Reply Sat 2 Jun, 2007 09:53 am
China has cornered the global market for vitamins
By Tim Johnson
McClatchy Newspapers
5/31/07

SHIJIAZHUANG, China - If you pop a vitamin C tablet in your mouth, it's a good bet it came from China. Indeed, many of the world's vitamins are now made in China.

In less than a decade, China has captured 90 percent of the U.S. market for vitamin C, driving almost everyone else out of business.

Chinese pharmaceutical companies also have taken over much of the world market in the production of antibiotics, analgesics, enzymes and primary amino acids. According to an industry group, China makes 70 percent of the world's penicillin, 50 percent of its aspirin and 35 percent of its acetaminophen (often sold under the brand name Tylenol), as well as the bulk of vitamins A, B12, C and E.

In the wake of a pet food scandal, in which adulterated wheat gluten from China led to the deaths of thousands of pets in North America, and other instances of food and toothpaste tampering, China's vitamin producers are reaching out to reassure U.S. consumers that their vitamins are safe.

Whether that's true isn't clear, however. Foreign food-safety experts say China's larger companies have reputations to protect. The question is how they maintain quality control.

In this pharmaceutical hub, a two-hour train ride south of Beijing, managers at what may be the world's largest vitamin C factory said they're constantly improving quality control to keep pace with the tenfold increase in production this decade.

"We used to only comply with domestic standards. Now we must comply with international standards," said Liu Lifeng, an aide to the general manager at the Weisheng Pharmaceutical Co. Ltd.

Food and drug safety inspectors drop in at the plant from time to time.

"The authorities come unexpectedly without telling us," added Tian Yumiao, the senior director of the quality control department of Weisheng.

But the inspectors aren't exactly neutral guardians of public health. They work for the city government, which is a part owner of the parent company of Weisheng Pharmaceutical. That kind of relationship between food and drug inspectors and China's booming agricultural and pharmaceutical industries is coming to the fore as an issue in the food safety debate. The local government in this thriving city of 2 million people would suffer if it did anything to hurt the growth of local vitamin and drug producers, and local officials might be reluctant to admit that a public safety issue had arisen.

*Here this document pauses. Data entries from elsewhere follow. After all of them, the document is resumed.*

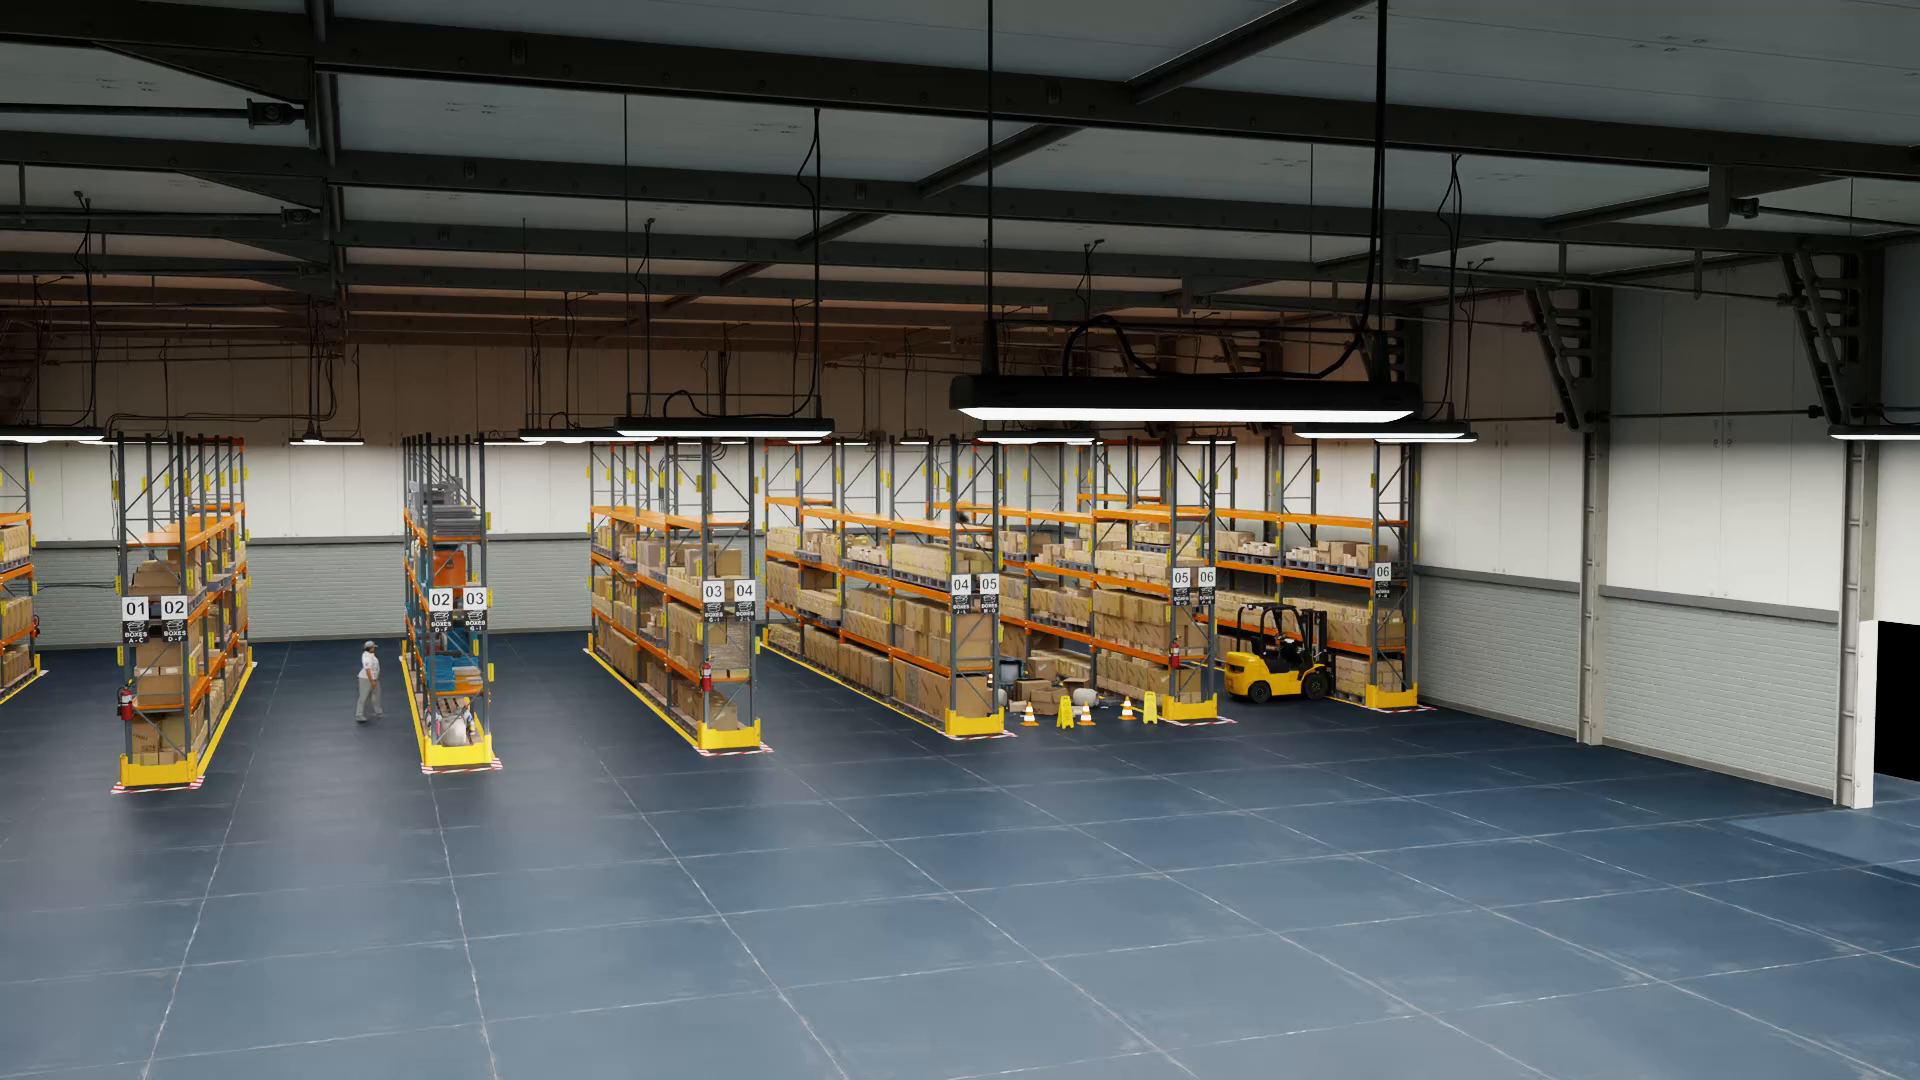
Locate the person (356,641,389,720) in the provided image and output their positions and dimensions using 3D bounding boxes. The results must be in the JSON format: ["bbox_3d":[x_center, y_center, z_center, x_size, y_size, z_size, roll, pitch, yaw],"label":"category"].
[{"bbox_3d":[-12.438,2.964,35.098,0.517,1.693,0.677,0,3,3],"label":"person"}]

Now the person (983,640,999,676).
[{"bbox_3d":[0.650,2.543,41.455,0.567,1.799,0.689,-2,4,-31],"label":"person"}]
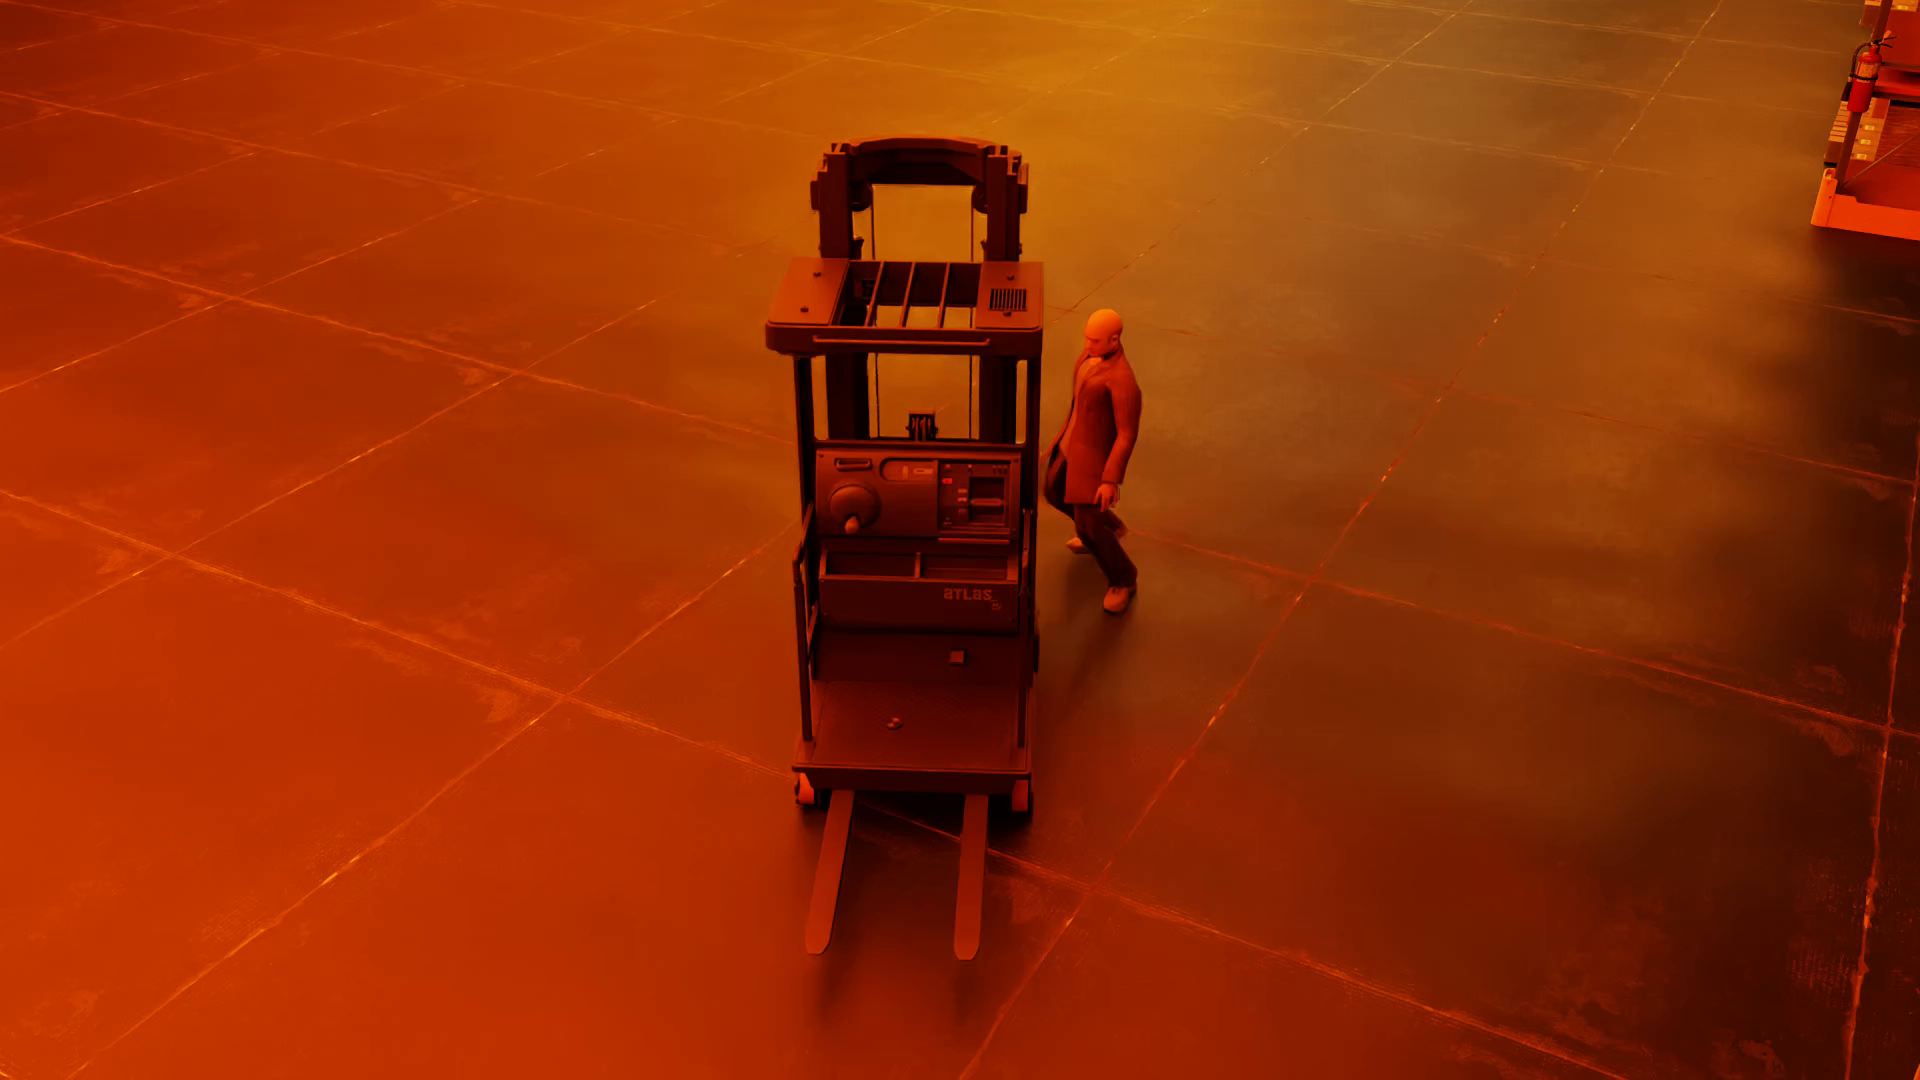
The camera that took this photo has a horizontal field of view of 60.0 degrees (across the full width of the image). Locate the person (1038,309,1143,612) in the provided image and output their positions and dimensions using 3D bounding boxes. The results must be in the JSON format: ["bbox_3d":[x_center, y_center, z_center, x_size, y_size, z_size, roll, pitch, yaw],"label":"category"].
[{"bbox_3d":[0.749,-0.532,9.254,0.577,1.687,0.939,-6,31,-10],"label":"person"}]

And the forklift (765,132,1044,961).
[{"bbox_3d":[-0.199,-0.161,7.350,1.130,2.935,3.031,2,30,3],"label":"forklift"}]

"That's a conflict of interest right there," said Kathryn Boor, a food safety expert at Cornell University. "You really need a disinterested party involved in inspections."

Issues of food and drug safety ripple across China today. The former chief of the state Food and Drug Administration, Zheng Xiaoyu, was given the death sentence Tuesday for taking $832,000 in bribes to let unsafe drugs on the market. One Zheng aide was sentenced to a 15-year jail term last autumn, and a second was accused in May in the bribery scandal.

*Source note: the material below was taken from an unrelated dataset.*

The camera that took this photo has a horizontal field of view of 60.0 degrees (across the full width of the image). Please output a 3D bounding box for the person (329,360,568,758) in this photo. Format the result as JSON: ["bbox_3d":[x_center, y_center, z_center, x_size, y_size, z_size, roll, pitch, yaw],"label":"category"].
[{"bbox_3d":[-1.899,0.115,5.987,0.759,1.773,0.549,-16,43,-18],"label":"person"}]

A survey earlier this year said more than three-fifths of Chinese worry about whether the food they eat is contaminated or adulterated.

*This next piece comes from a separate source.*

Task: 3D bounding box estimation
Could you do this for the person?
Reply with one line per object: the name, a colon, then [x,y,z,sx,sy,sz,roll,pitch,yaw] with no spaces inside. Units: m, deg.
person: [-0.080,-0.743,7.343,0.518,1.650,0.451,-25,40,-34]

Observers of China's food and dietary supplements industry say many larger companies, such as Weisheng, are well-managed and obtain key global certifications.

At the sprawling Weisheng plant, uniformed employees bustle about on neatly swept walkways, entering production areas where assembly lines purr. Machinery seemed clean, although managers barred a visitor from taking photographs in factory areas. Only minor odors emanated from a water recycling area.

"The industry in China is bifurcated between top-notch companies that are highly skilled and do all the right things, and the second- and third-tier producers, some of which are just sloppy bucket shops," said Peter Kovacs, a food industry consultant based in Incline Village, Nev.

Foreign brokers concur that the low end of China's market has severe problems.

"Sometimes you enter a factory, and you say, `I can't believe they produce food here.' It's dirty and the machines are old," said Jan Willem Roben of Vision Ingredients in Shanghai, a broker of food additives for export.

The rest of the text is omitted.